(Supplied material begins)

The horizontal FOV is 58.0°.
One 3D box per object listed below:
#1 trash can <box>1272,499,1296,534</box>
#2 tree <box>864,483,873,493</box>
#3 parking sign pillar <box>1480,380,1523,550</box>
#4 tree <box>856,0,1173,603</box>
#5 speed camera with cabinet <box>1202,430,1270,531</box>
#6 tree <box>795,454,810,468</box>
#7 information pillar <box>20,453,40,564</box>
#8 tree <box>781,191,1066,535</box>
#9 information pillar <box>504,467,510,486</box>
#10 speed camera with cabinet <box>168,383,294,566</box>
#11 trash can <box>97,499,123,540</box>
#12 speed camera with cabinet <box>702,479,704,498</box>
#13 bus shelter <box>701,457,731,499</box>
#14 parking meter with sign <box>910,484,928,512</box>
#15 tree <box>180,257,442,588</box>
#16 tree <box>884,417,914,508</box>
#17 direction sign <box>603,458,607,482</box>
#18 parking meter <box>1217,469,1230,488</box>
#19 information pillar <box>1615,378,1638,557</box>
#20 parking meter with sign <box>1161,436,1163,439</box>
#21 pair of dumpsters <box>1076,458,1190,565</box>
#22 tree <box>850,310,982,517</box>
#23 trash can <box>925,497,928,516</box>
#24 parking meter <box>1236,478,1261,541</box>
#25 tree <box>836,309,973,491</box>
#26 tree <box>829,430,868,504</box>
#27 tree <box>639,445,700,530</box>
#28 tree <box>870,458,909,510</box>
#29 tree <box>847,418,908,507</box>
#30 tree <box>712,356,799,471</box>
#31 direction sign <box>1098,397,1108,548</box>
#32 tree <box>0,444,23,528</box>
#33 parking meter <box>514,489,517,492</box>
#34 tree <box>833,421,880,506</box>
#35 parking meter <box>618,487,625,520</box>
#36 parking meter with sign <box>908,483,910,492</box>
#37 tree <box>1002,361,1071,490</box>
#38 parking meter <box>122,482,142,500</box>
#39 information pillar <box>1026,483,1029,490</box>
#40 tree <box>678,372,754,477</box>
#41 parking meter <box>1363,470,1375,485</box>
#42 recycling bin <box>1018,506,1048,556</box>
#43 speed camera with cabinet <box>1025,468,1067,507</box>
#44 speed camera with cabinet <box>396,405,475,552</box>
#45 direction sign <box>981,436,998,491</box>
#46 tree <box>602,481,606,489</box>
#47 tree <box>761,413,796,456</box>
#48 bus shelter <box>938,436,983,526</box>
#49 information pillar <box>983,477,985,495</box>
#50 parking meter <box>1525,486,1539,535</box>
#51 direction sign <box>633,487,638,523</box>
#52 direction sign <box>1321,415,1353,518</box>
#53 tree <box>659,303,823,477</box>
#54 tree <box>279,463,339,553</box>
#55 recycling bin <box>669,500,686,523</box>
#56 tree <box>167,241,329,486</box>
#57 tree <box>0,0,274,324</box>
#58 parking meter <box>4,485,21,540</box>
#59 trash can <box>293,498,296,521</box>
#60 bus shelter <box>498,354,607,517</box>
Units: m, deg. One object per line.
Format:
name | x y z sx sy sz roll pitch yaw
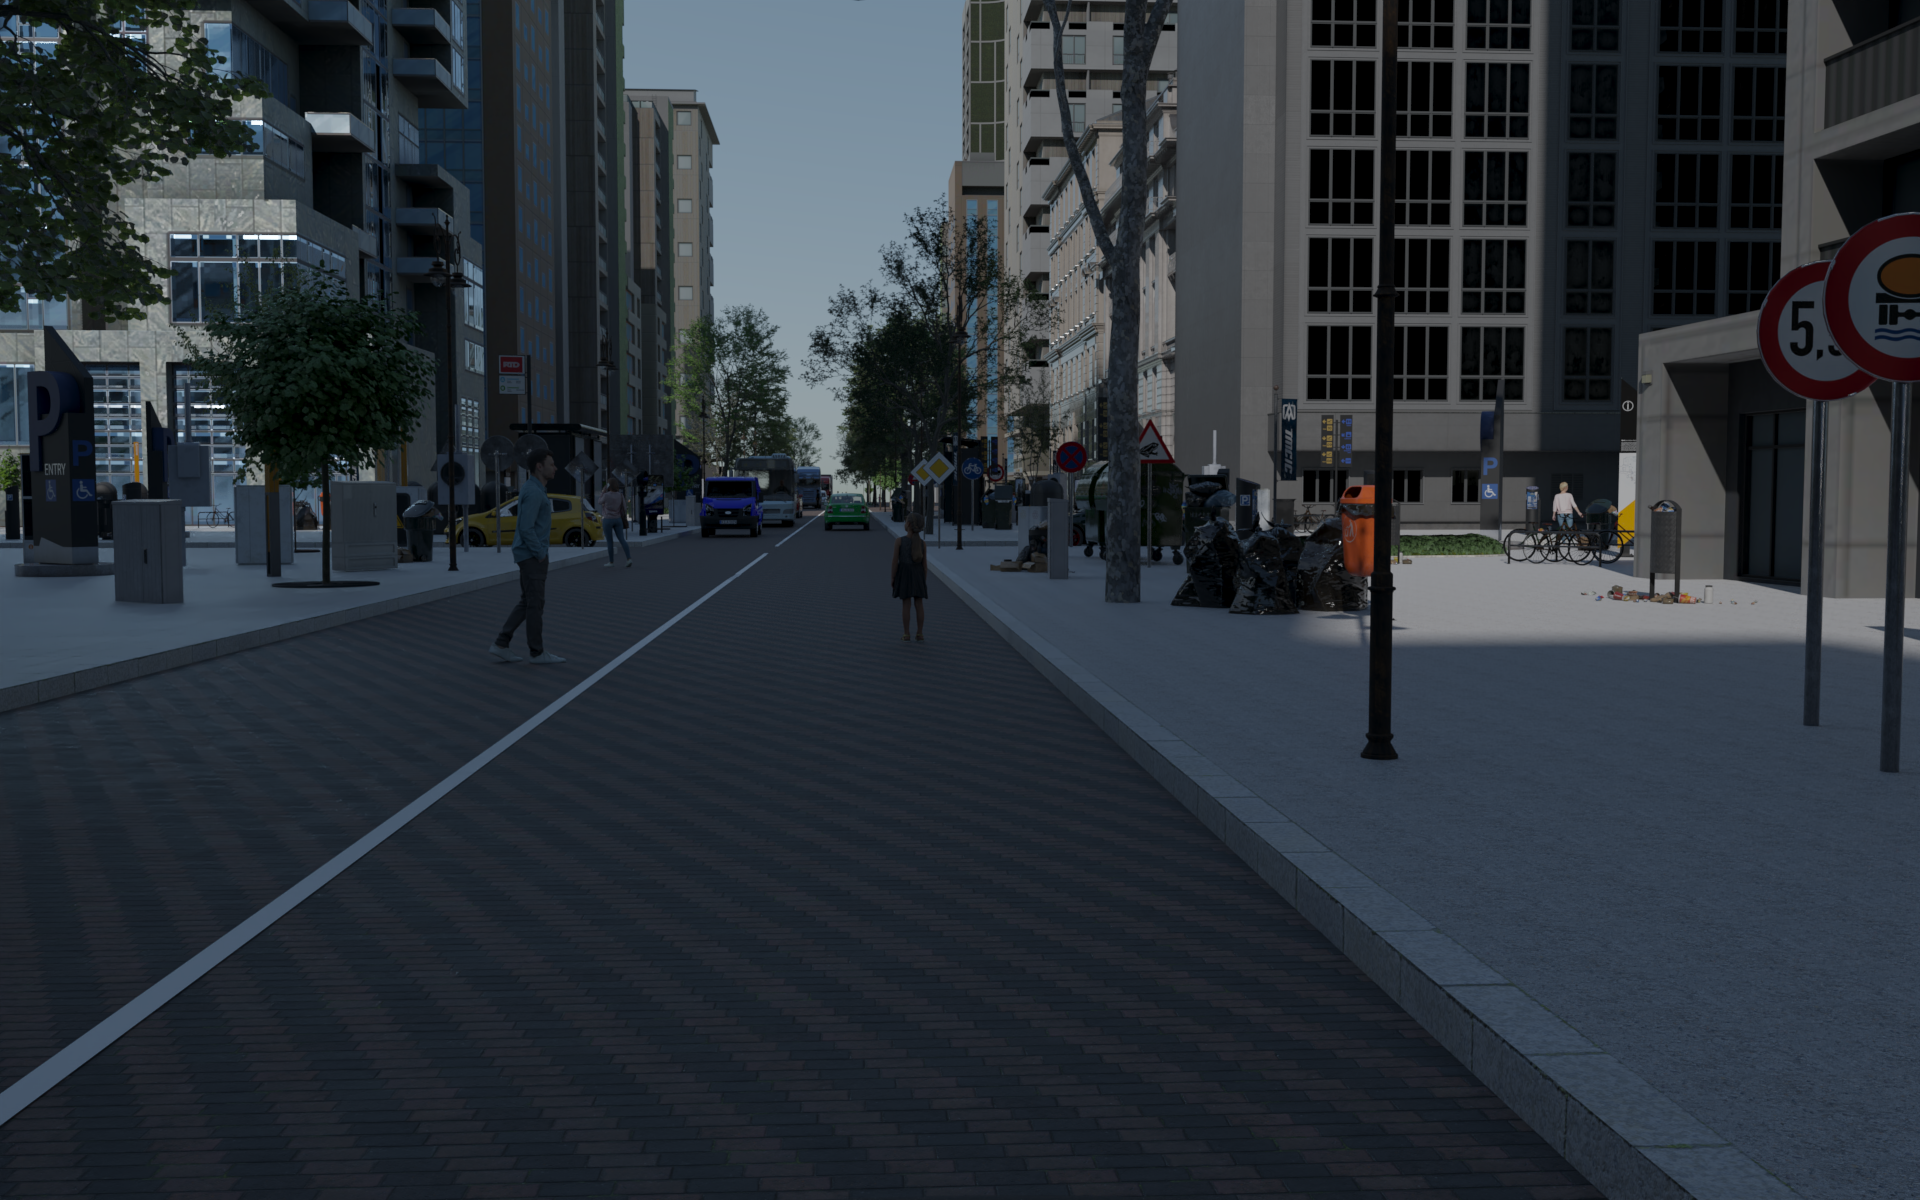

(Supplied material ends)

**Problem description:** From the first line to the last, retype the data above exactly, but not its images.

**Response to the exercise:**
The horizontal FOV is 58.0°.
One 3D box per object listed below:
#1 trash can <box>1272,499,1296,534</box>
#2 tree <box>864,483,873,493</box>
#3 parking sign pillar <box>1480,380,1523,550</box>
#4 tree <box>856,0,1173,603</box>
#5 speed camera with cabinet <box>1202,430,1270,531</box>
#6 tree <box>795,454,810,468</box>
#7 information pillar <box>20,453,40,564</box>
#8 tree <box>781,191,1066,535</box>
#9 information pillar <box>504,467,510,486</box>
#10 speed camera with cabinet <box>168,383,294,566</box>
#11 trash can <box>97,499,123,540</box>
#12 speed camera with cabinet <box>702,479,704,498</box>
#13 bus shelter <box>701,457,731,499</box>
#14 parking meter with sign <box>910,484,928,512</box>
#15 tree <box>180,257,442,588</box>
#16 tree <box>884,417,914,508</box>
#17 direction sign <box>603,458,607,482</box>
#18 parking meter <box>1217,469,1230,488</box>
#19 information pillar <box>1615,378,1638,557</box>
#20 parking meter with sign <box>1161,436,1163,439</box>
#21 pair of dumpsters <box>1076,458,1190,565</box>
#22 tree <box>850,310,982,517</box>
#23 trash can <box>925,497,928,516</box>
#24 parking meter <box>1236,478,1261,541</box>
#25 tree <box>836,309,973,491</box>
#26 tree <box>829,430,868,504</box>
#27 tree <box>639,445,700,530</box>
#28 tree <box>870,458,909,510</box>
#29 tree <box>847,418,908,507</box>
#30 tree <box>712,356,799,471</box>
#31 direction sign <box>1098,397,1108,548</box>
#32 tree <box>0,444,23,528</box>
#33 parking meter <box>514,489,517,492</box>
#34 tree <box>833,421,880,506</box>
#35 parking meter <box>618,487,625,520</box>
#36 parking meter with sign <box>908,483,910,492</box>
#37 tree <box>1002,361,1071,490</box>
#38 parking meter <box>122,482,142,500</box>
#39 information pillar <box>1026,483,1029,490</box>
#40 tree <box>678,372,754,477</box>
#41 parking meter <box>1363,470,1375,485</box>
#42 recycling bin <box>1018,506,1048,556</box>
#43 speed camera with cabinet <box>1025,468,1067,507</box>
#44 speed camera with cabinet <box>396,405,475,552</box>
#45 direction sign <box>981,436,998,491</box>
#46 tree <box>602,481,606,489</box>
#47 tree <box>761,413,796,456</box>
#48 bus shelter <box>938,436,983,526</box>
#49 information pillar <box>983,477,985,495</box>
#50 parking meter <box>1525,486,1539,535</box>
#51 direction sign <box>633,487,638,523</box>
#52 direction sign <box>1321,415,1353,518</box>
#53 tree <box>659,303,823,477</box>
#54 tree <box>279,463,339,553</box>
#55 recycling bin <box>669,500,686,523</box>
#56 tree <box>167,241,329,486</box>
#57 tree <box>0,0,274,324</box>
#58 parking meter <box>4,485,21,540</box>
#59 trash can <box>293,498,296,521</box>
#60 bus shelter <box>498,354,607,517</box>
Units: m, deg. One object per line.
Format:
name | x y z sx sy sz roll pitch yaw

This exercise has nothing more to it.